Work request: Once the line containing "Line((-69, -57), (-69, -54))" is found in the entries below, restate it and each following line word for word, stopping after the line containing "Line((-43.95, -19.483379374), (-43.95, -25.516620626))".

Dataset excerpts:
________
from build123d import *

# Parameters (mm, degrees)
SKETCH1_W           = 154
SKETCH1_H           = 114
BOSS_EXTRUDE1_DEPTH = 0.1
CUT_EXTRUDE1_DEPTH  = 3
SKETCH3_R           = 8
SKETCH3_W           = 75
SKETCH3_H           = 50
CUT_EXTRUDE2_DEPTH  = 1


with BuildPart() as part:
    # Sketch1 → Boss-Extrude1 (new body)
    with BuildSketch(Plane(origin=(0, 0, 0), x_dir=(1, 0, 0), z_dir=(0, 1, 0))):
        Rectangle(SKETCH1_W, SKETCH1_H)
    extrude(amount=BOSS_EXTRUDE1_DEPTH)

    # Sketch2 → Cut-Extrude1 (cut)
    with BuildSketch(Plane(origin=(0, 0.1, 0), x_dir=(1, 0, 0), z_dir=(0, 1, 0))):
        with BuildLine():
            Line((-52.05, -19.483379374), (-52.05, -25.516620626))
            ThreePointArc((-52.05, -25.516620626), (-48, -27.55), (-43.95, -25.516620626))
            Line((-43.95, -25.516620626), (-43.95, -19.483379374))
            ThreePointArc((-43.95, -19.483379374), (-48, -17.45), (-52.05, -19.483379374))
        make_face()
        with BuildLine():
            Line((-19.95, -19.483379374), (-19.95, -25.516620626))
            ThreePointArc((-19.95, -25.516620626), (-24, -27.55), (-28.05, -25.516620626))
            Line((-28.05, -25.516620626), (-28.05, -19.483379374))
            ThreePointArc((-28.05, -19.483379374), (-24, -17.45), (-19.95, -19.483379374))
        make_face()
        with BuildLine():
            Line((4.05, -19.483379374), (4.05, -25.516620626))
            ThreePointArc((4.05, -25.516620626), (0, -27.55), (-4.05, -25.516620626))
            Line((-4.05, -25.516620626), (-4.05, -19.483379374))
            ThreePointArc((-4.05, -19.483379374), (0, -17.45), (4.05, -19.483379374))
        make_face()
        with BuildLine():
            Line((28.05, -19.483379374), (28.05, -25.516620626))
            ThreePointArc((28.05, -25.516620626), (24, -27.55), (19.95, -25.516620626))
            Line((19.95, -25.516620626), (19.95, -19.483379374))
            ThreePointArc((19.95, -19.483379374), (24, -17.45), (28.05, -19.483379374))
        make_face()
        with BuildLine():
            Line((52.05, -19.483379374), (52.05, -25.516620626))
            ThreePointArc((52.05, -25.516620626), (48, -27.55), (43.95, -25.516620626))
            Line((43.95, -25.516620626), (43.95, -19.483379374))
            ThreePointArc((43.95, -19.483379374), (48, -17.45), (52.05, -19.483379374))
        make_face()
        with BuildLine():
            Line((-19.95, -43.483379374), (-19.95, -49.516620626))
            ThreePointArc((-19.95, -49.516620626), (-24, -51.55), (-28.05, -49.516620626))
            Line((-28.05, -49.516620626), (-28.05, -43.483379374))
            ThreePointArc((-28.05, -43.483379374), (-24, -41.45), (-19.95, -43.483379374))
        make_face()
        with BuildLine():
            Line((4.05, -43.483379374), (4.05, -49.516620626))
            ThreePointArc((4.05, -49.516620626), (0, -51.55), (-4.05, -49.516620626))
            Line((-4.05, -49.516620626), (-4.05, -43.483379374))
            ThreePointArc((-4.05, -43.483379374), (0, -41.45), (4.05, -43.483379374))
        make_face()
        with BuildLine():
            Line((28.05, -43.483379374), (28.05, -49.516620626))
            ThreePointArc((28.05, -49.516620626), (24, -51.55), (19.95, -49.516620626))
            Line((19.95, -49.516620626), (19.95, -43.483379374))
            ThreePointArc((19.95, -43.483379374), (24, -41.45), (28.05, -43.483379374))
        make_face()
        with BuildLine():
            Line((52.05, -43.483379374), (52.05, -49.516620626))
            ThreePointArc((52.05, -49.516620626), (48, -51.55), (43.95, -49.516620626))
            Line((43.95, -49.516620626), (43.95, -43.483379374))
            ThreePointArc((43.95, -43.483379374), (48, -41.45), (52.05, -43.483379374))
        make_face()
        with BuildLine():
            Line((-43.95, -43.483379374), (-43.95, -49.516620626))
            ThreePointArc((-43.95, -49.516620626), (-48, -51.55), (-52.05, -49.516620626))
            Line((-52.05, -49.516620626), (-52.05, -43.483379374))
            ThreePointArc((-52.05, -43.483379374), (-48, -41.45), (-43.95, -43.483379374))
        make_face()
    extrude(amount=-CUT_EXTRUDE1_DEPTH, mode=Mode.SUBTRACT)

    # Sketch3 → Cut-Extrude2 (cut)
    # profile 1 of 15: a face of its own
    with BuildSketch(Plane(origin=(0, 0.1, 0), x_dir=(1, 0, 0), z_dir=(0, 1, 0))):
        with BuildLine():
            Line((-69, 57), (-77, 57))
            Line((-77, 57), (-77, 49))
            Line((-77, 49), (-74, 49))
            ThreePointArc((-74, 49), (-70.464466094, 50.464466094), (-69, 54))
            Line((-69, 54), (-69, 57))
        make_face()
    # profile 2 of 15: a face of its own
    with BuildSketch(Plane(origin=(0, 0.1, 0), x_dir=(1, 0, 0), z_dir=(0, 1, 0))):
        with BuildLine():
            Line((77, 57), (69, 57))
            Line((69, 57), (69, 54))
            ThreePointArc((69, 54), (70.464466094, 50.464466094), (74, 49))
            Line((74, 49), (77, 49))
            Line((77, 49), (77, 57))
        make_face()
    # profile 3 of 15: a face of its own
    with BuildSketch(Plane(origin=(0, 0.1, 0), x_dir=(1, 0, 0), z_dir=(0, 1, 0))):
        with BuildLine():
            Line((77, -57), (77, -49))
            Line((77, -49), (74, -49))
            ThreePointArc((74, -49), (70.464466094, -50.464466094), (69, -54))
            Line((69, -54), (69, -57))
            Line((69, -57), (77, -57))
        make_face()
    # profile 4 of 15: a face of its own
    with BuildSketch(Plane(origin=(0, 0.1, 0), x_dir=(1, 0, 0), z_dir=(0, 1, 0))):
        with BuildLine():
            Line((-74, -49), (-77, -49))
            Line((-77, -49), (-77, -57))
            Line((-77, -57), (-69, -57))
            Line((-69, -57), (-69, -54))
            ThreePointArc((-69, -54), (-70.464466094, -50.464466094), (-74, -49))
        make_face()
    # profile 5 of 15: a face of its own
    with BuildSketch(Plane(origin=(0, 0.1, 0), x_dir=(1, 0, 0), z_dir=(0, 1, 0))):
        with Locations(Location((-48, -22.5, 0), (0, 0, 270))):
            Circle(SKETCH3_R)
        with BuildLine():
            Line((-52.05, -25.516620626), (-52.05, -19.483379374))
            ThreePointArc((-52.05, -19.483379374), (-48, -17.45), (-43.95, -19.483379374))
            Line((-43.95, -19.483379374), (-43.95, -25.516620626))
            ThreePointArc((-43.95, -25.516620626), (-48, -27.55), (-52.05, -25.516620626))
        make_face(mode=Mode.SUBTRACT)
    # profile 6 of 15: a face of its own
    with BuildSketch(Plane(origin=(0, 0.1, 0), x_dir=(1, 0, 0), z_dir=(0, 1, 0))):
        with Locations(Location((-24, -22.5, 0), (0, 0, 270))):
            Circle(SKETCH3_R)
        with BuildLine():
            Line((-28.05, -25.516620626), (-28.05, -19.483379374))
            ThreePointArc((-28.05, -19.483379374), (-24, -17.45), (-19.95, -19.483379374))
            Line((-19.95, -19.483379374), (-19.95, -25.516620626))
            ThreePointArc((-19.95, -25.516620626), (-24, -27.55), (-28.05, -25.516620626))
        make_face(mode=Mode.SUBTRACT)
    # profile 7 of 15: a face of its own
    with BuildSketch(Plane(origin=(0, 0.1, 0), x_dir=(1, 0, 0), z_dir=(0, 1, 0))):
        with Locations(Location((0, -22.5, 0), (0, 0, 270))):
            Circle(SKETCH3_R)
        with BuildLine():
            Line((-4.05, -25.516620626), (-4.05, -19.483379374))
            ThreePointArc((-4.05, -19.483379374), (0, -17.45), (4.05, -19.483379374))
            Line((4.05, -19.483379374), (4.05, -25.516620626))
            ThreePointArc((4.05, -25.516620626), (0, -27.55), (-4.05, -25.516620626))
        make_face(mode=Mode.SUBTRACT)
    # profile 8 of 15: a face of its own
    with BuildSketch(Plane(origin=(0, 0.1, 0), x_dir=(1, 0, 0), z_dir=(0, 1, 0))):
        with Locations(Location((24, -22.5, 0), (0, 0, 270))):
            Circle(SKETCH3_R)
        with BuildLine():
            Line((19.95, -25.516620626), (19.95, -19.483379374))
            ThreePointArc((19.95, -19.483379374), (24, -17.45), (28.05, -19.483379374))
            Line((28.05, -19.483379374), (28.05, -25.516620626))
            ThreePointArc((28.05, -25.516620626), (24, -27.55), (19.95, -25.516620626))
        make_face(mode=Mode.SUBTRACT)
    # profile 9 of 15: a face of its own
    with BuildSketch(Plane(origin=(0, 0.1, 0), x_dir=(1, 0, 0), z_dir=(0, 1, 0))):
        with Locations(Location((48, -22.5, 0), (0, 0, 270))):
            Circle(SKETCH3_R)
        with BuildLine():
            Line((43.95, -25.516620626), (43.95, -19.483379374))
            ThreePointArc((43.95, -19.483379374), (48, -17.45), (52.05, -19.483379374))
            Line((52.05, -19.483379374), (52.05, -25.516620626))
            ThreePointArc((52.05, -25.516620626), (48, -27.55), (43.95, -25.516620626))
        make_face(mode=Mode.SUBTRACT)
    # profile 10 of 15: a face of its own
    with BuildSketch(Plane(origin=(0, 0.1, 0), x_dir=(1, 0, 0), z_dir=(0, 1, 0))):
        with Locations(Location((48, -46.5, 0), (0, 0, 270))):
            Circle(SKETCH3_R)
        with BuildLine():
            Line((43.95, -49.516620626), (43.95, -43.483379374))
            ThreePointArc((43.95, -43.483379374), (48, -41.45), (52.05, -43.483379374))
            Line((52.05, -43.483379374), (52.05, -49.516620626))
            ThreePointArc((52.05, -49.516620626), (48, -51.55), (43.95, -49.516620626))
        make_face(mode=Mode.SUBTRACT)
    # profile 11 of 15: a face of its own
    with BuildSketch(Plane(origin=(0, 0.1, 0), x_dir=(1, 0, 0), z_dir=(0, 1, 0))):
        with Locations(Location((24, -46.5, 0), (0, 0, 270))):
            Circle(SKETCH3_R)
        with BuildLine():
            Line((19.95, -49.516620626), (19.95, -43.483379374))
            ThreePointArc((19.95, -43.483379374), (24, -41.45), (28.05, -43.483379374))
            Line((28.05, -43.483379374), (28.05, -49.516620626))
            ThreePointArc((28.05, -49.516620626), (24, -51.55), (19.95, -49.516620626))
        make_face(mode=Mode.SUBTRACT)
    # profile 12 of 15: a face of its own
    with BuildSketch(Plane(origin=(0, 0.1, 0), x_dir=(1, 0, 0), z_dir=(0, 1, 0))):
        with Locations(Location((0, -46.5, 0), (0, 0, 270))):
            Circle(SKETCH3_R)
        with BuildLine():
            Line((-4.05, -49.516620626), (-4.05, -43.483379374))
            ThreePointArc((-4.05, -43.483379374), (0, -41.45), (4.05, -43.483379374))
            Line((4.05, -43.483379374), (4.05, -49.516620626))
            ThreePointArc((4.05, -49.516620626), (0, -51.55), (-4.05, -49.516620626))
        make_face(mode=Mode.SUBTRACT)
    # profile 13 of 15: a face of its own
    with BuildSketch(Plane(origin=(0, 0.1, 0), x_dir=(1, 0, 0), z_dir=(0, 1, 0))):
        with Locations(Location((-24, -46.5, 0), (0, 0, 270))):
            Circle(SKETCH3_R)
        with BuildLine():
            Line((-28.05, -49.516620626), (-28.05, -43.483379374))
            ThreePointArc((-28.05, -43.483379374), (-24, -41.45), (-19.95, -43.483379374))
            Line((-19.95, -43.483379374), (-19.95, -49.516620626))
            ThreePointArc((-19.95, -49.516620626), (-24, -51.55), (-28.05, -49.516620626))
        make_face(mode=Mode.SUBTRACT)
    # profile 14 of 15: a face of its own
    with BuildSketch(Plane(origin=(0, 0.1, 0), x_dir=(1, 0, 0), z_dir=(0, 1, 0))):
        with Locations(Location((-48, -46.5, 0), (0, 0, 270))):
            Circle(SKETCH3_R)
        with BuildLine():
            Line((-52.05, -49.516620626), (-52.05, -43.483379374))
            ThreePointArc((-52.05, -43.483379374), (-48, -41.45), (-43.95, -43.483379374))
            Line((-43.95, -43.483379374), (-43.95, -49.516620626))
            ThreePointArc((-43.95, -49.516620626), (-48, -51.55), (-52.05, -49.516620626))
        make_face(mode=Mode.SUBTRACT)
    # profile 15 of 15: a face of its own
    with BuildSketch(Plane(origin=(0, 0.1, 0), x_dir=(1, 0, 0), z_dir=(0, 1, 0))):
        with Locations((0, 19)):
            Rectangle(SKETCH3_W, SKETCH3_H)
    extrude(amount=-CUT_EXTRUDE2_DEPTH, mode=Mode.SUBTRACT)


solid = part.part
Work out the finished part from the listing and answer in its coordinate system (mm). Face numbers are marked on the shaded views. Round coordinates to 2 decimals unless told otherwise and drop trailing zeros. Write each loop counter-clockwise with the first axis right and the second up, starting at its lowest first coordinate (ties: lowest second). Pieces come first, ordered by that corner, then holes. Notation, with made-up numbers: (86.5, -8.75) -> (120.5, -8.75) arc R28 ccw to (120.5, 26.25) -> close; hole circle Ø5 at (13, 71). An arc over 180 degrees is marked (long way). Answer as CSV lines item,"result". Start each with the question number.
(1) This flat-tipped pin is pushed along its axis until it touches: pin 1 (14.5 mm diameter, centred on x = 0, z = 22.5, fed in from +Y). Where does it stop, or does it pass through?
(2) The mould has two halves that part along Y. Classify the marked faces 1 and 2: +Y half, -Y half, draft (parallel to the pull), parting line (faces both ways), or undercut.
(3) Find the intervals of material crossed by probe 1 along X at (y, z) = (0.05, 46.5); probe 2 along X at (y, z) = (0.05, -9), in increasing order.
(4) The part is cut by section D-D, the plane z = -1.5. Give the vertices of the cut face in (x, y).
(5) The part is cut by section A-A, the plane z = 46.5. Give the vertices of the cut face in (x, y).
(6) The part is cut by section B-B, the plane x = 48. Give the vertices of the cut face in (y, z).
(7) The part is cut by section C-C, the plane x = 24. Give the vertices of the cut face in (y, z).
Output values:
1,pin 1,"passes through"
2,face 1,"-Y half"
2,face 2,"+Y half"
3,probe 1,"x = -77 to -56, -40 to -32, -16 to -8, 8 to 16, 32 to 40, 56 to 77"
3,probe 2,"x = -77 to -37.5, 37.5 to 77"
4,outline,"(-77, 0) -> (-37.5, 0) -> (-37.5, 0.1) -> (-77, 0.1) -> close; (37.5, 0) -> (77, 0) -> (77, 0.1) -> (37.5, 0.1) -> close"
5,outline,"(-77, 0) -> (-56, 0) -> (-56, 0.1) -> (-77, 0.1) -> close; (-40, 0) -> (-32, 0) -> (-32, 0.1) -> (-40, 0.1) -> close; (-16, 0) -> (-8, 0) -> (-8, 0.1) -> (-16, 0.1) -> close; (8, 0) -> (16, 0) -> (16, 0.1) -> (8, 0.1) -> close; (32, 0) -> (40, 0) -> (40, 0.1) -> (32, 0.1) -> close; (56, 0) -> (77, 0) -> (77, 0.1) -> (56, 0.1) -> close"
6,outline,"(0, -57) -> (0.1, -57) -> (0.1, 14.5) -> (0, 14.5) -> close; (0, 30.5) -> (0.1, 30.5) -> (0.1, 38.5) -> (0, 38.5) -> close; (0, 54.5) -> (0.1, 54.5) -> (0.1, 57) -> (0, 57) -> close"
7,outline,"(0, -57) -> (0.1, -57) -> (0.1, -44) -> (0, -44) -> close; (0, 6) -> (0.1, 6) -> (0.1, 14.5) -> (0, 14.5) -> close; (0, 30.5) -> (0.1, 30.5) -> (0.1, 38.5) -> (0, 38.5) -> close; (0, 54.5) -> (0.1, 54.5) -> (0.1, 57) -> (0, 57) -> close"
________
Solution for this problem:
            Line((-69, -57), (-69, -54))
            ThreePointArc((-69, -54), (-70.464466094, -50.464466094), (-74, -49))
        make_face()
    # profile 5 of 15: a face of its own
    with BuildSketch(Plane(origin=(0, 0.1, 0), x_dir=(1, 0, 0), z_dir=(0, 1, 0))):
        with Locations(Location((-48, -22.5, 0), (0, 0, 270))):
            Circle(SKETCH3_R)
        with BuildLine():
            Line((-52.05, -25.516620626), (-52.05, -19.483379374))
            ThreePointArc((-52.05, -19.483379374), (-48, -17.45), (-43.95, -19.483379374))
            Line((-43.95, -19.483379374), (-43.95, -25.516620626))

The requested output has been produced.